_Stored data entries_

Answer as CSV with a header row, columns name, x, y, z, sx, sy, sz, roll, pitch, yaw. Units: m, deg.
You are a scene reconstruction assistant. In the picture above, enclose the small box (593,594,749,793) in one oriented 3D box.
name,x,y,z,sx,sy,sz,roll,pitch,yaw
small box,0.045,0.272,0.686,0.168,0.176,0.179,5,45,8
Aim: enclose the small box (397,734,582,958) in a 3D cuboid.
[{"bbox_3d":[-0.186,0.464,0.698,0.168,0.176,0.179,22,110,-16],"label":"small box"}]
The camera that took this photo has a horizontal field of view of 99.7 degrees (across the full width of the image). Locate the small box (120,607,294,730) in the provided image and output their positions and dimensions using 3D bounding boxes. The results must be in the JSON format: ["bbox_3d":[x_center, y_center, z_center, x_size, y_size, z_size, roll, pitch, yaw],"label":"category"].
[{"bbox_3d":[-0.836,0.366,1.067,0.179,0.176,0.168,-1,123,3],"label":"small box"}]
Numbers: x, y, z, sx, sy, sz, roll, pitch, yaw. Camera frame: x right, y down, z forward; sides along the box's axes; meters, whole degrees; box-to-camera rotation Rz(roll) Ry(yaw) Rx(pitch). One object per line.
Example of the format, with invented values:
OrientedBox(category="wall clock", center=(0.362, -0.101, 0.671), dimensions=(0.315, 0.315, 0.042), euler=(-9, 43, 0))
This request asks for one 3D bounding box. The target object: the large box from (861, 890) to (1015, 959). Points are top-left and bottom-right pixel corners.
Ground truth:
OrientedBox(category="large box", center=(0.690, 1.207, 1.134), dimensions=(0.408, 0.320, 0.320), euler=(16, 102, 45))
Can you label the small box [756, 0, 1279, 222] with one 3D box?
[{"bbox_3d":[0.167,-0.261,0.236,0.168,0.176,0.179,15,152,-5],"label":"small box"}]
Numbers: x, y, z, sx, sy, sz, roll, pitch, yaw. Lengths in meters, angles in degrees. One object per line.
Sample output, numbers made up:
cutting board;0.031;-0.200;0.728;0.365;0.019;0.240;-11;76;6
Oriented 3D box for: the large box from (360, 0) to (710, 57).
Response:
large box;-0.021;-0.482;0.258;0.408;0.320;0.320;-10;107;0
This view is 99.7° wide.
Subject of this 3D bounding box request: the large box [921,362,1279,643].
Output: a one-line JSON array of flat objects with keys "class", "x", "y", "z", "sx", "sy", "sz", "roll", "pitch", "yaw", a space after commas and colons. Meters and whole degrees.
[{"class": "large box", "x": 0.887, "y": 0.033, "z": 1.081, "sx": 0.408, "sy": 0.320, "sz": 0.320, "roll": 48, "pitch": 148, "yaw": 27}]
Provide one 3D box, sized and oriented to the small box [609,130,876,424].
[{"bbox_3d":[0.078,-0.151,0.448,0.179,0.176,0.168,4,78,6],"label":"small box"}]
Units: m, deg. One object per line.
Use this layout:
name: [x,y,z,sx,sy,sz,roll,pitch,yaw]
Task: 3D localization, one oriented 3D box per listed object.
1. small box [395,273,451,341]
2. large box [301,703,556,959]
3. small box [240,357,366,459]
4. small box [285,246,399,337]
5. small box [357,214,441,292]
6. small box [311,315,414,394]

_WHAT TO WORK ON_
Could you set down exactly the lines from the one containing "2. large box [301,703,556,959]" through the last line of the records above, both included?

_ANSWER SPACE_
2. large box [301,703,556,959]
3. small box [240,357,366,459]
4. small box [285,246,399,337]
5. small box [357,214,441,292]
6. small box [311,315,414,394]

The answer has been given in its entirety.